Inside, Hanks tells them that the children spare blood relatives (Mary Tunny and her brother, as well as Hanks' ancestors, were among the children killed in the mine) but seek revenge on the Carlton bloodline. William tries unsuccessfully to shoot the children, but it does not stop them. The four try to flee, but Hanks' truck does not start, and they hide in the barn. William hides in the loft, and the children enter. They slowly bypass the Tunnys and Hanks and swarm William and murder him. Emma then emerges from the crowd of children, who allow Hanks and the Tunnys to leave.

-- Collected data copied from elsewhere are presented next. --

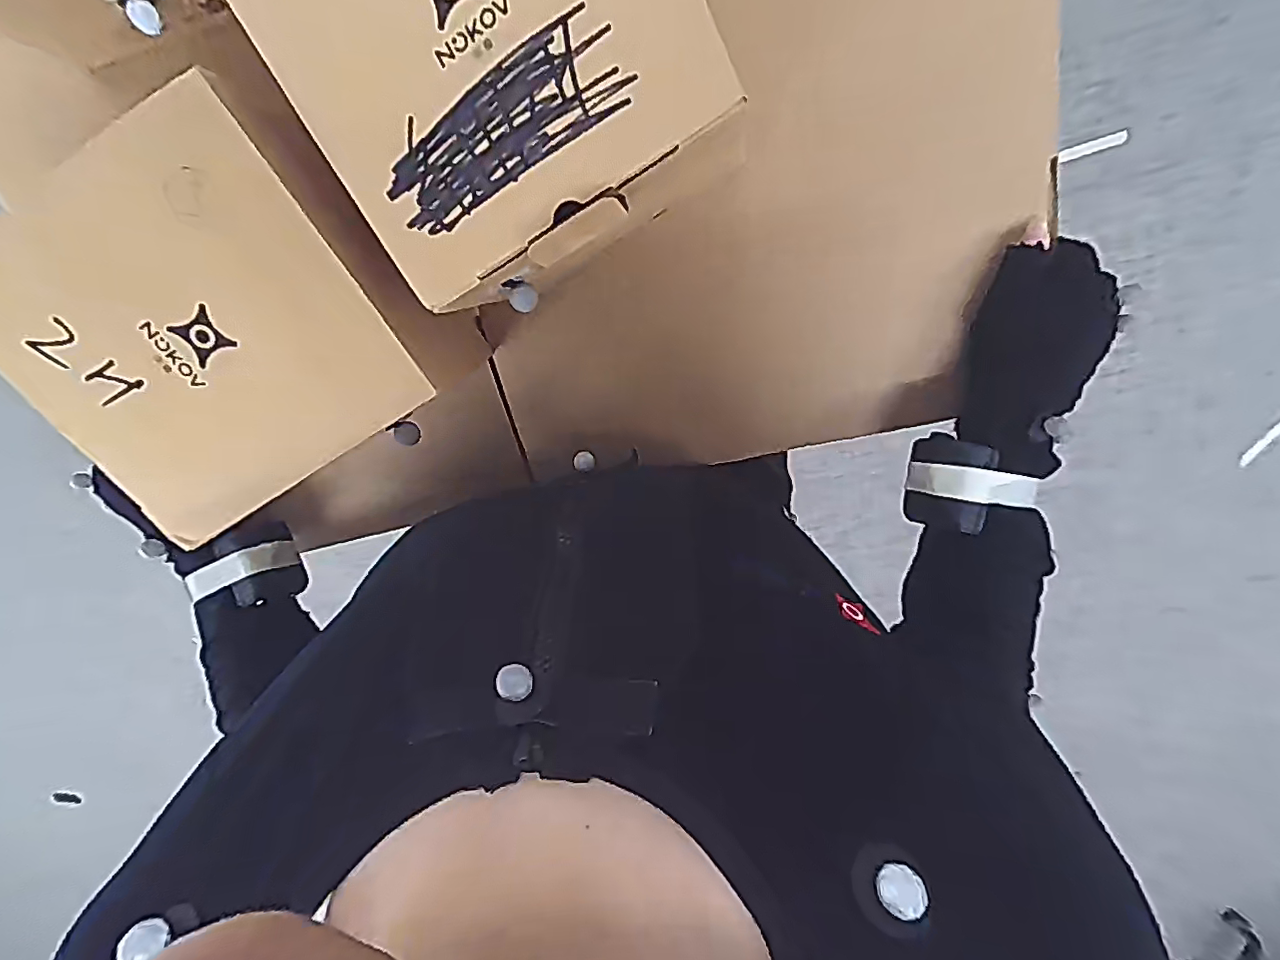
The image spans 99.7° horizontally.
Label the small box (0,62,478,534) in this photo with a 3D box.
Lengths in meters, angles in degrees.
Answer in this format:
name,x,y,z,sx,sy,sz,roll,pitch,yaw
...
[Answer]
name,x,y,z,sx,sy,sz,roll,pitch,yaw
small box,-0.222,-0.103,0.340,0.179,0.176,0.168,-29,110,7
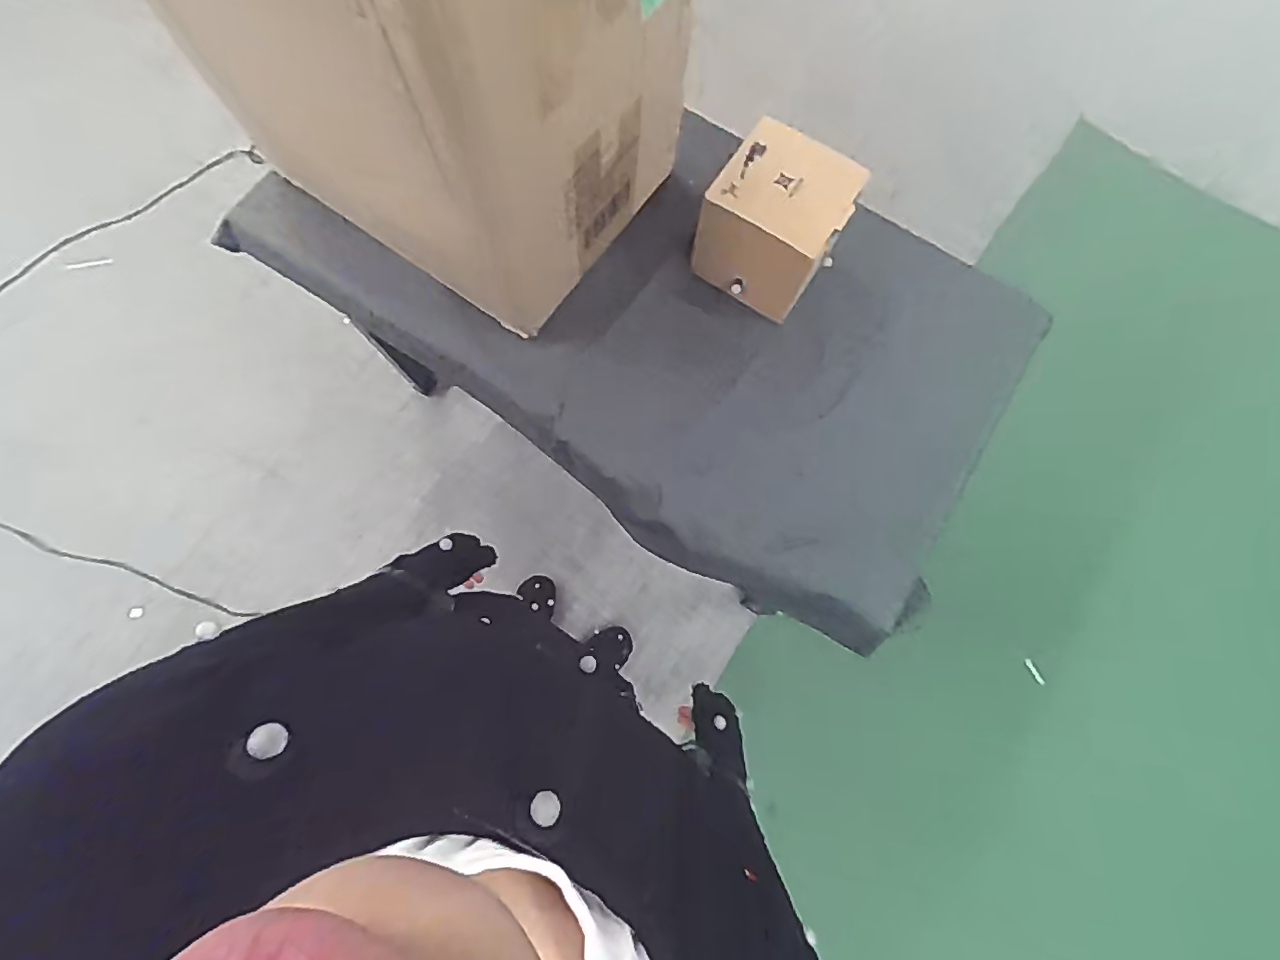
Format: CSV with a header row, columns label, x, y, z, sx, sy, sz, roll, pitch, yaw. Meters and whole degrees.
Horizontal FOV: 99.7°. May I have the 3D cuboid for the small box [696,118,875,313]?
label,x,y,z,sx,sy,sz,roll,pitch,yaw
small box,0.206,-0.381,0.813,0.179,0.176,0.168,34,78,5
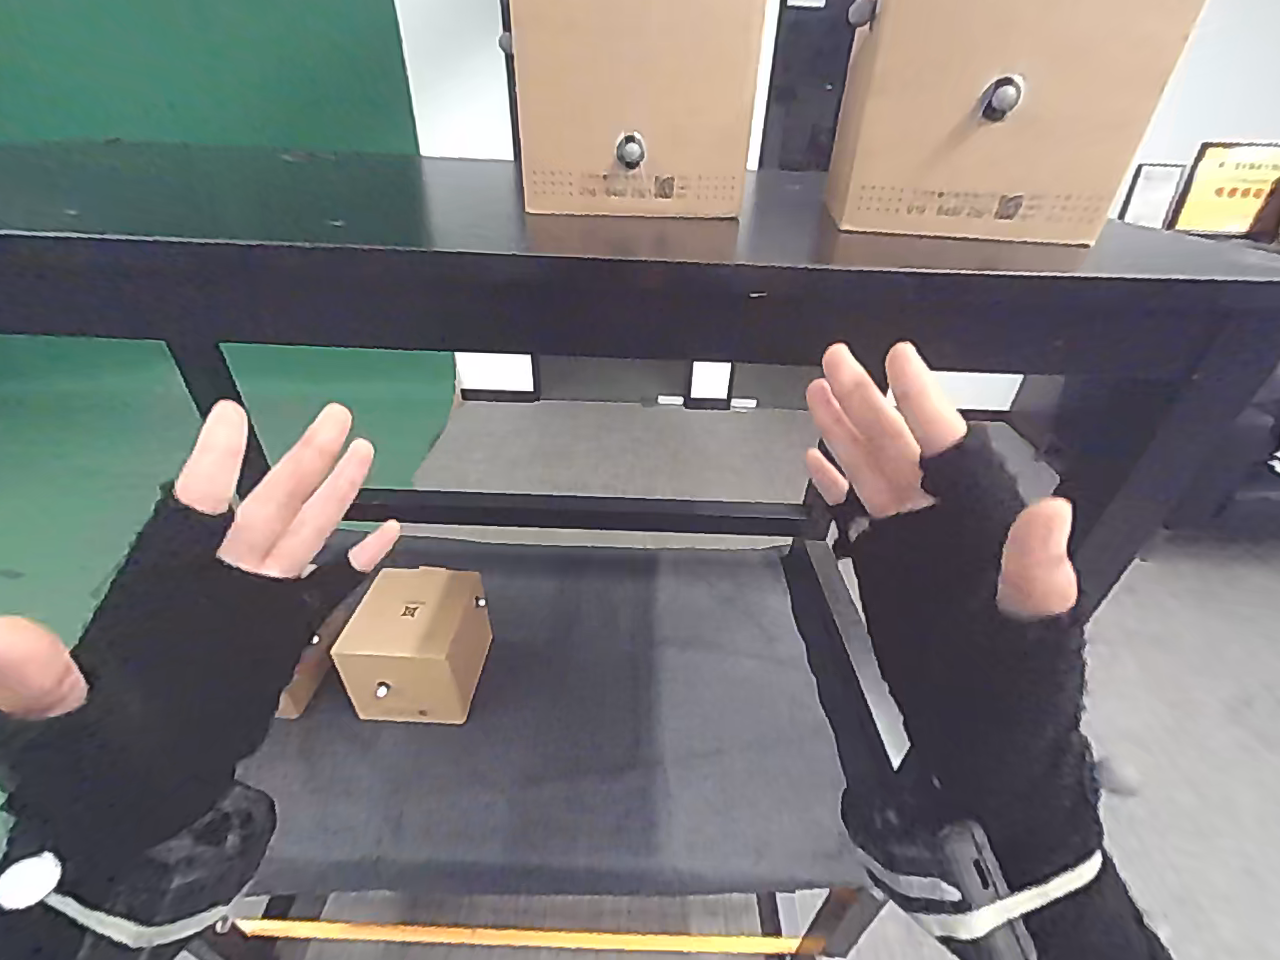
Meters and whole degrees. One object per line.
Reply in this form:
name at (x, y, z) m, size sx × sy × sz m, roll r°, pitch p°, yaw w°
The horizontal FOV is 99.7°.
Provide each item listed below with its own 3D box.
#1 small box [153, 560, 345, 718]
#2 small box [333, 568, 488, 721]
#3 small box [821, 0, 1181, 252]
small box at (-0.605, 0.252, 0.870) m, size 0.168 × 0.176 × 0.179 m, roll 3°, pitch 34°, yaw 0°
small box at (-0.352, 0.265, 0.872) m, size 0.168 × 0.176 × 0.179 m, roll 3°, pitch 34°, yaw 0°
small box at (0.239, -0.276, 0.402) m, size 0.168 × 0.176 × 0.179 m, roll 9°, pitch 34°, yaw 9°
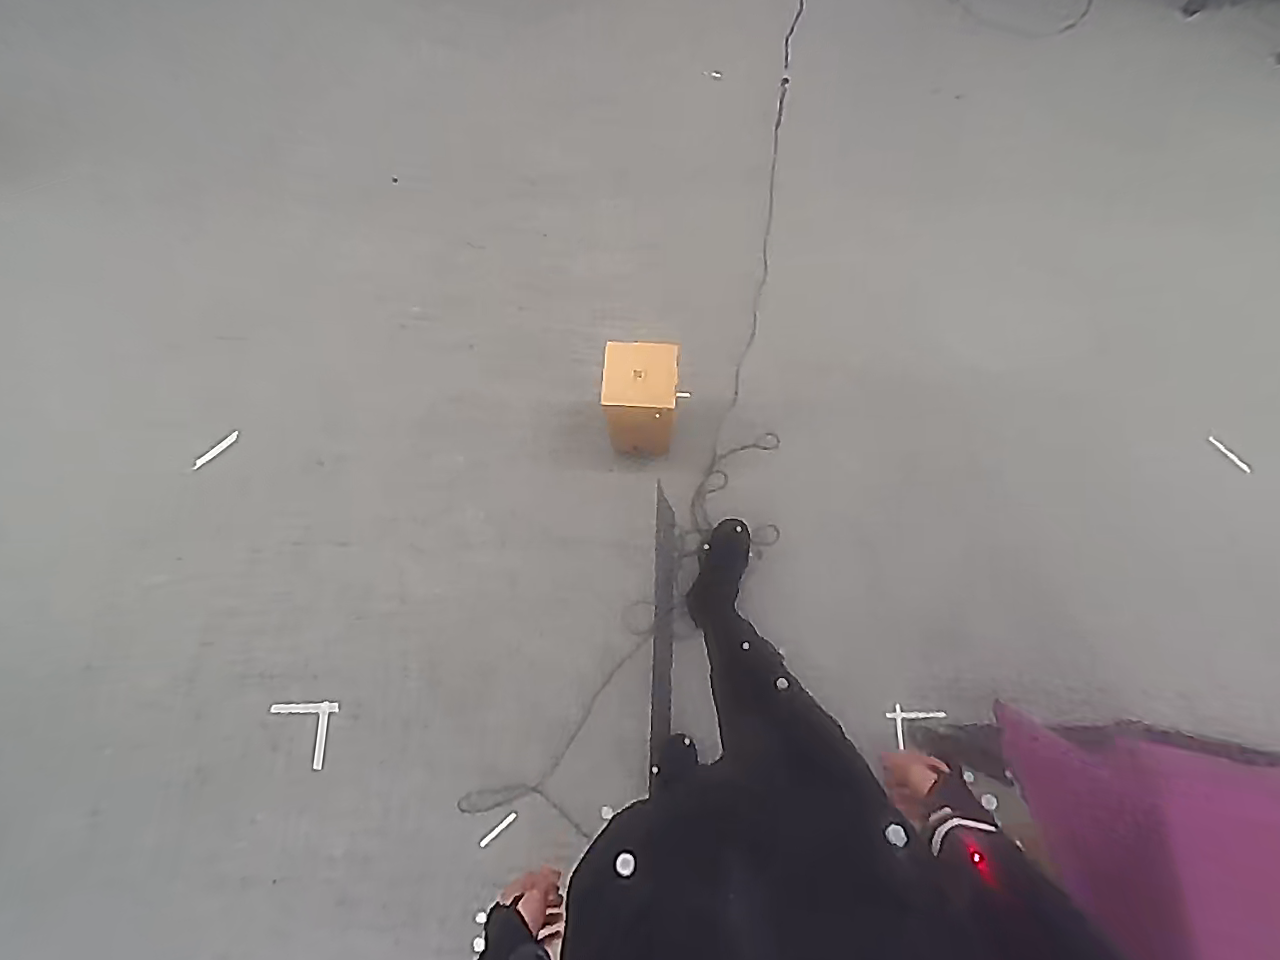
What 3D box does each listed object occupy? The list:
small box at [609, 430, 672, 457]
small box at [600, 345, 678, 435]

Ultimately, the Tunnys decide to move, but do not sell the house (which somehow legally passed to them after William's death). Ostensibly, they allow the children to live in the house now that they have had revenge on the Carltons, and Mary and her brother are seen in the Tunny house.

==Cast==
- Lori Heuring as Karen Tunny
- Scout Taylor-Compton as Sarah Tunny
- Chloë Grace Moretz as Emma Tunny
- Geoffrey Lewis as Harold Thompson
- Ben Cross as Aaron Hanks
- Martin McDougall as William Carlton
- Helia Grekova as Mary

==Production==
At one point, Tobe Hooper was set to direct the film, but when he dropped out to direct 2005's Mortuary, J. S. Cardone stepped up to direct. The film was shot in the mountains of Bulgaria.

==Release==
The film debuted as one of the eight films that make up the horror film festival 8 Films to Die For's first cycle in 2006.